Заброшенные места, которые в городе есть в изобилии, Эйзмен называет “многообещающими”. Пыльная безлюдная эстакада – отличное место для поиска следов насекомых. На старых мусорных баках можно найти коконы и паутину. “Однажды я видел кузнечика, который грыз краску на углу дома”, – прибавил Эйзмен. Мы вместе осмотрели мусорный бак. Эйзмен, как и следовало ожидать, делал это с гораздо более близкого расстояния, чем я. Сидя на стенке бака, он заметил на дереве неподалеку ритмично стучавшего пушистого дятла.
В трещинах на тротуаре живут муравьи. Один аспирант, недавно составивший список муравьев, обитающих на разделительных полосах проспектов Нью-Йорка, нашел там садовых бледноногих муравьев, муравьев-воров, дерновых муравьев (воинственный вид, обитающий в почве), а также китайского муравья-иглу – больно жалящего муравья-иммигранта.

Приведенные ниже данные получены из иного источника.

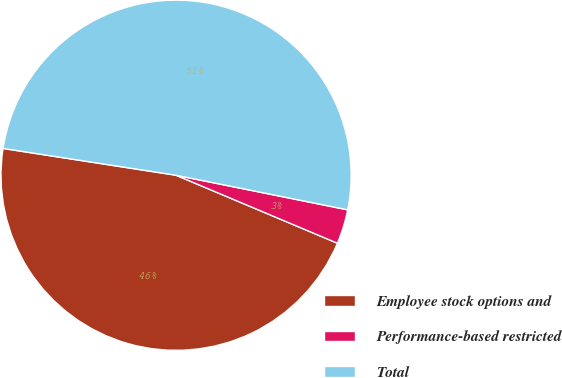Convert chart. <chart><loc_0><loc_0><loc_500><loc_500><pie_chart><fcel>Employee stock options and<fcel>Performance-based restricted<fcel>Total<nl><fcel>46.1%<fcel>3.18%<fcel>50.72%<nl></chart> 
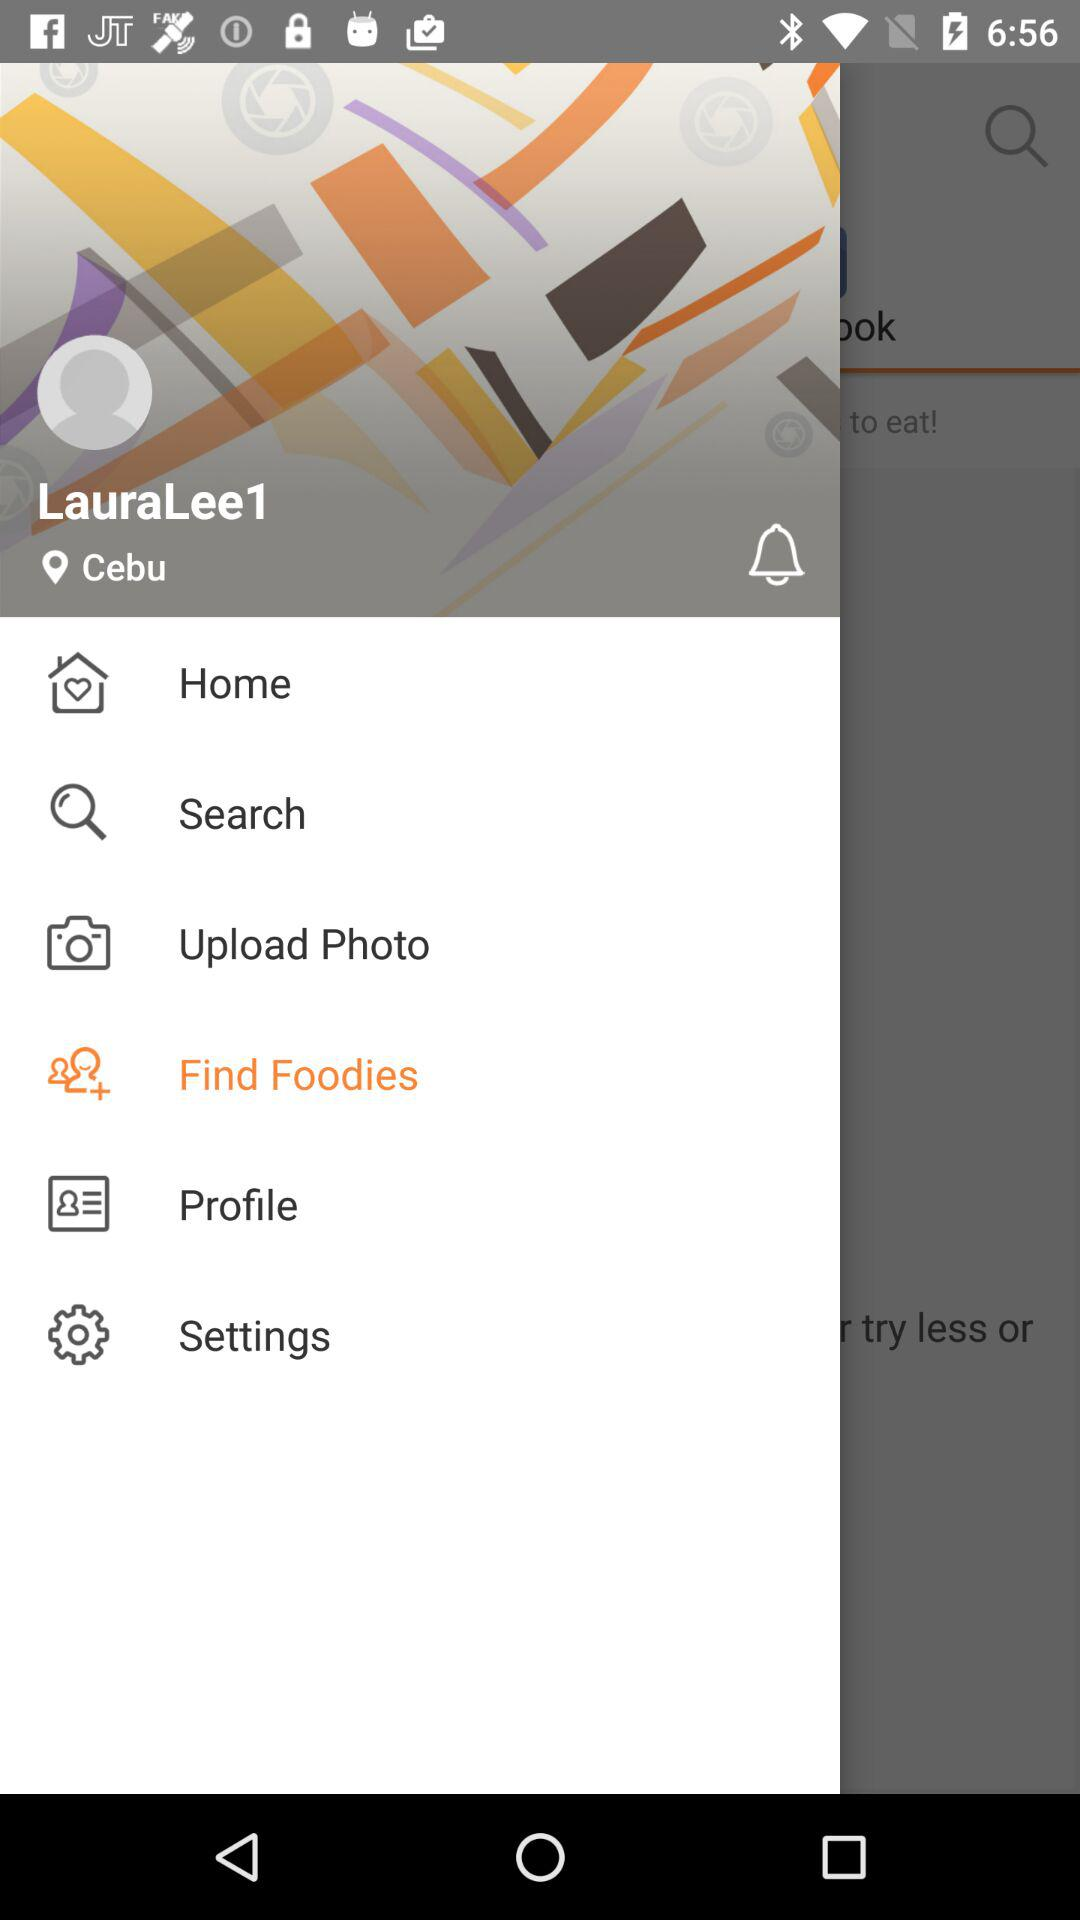What is the location of the user? The location of the user is Cebu.

Он также выяснил, что разнообразие муравьев в Верхнем Вест-Сайде больше, чем в Верхнем Ист-Сайде – что, судя по всему, стало следствием такой важной характеристики окружающей среды, как “количество мусорных баков”.
Даже на упавших веточках можно заметить следы жизнедеятельности насекомых. Наверняка в месте, где вы живете, на земле лежат ветки. “Аккуратно поврежденные веточки” (так называется глава в книге Эйзмена) могут нести следы пребывания жуков-усачей, жуков-древоточцев и ложнокороедов. И если галлы иногда ломают ветки случайно, многие жуки делают это намеренно: усач, отложив яйца на конце ветки, перемещается ближе к стволу и прогрызает аккуратную дорожку по окружности веточки. Когда поднимается ветер, веточка послушно отламывается, и растущие в ней личинки питаются стареющей или отмирающей тканью. У жуков других видов сами личинки, достигнув того возраста, когда они могут делать ходы, вгрызаются в ветку и расчищают себе путь на поверхность, оставляя характерные следы. Если посмотреть на кончик упавшей веточки, вы увидите спираль, сделанную узкотелой златкой, или мастерски вырезанный осой ход по ее периметру.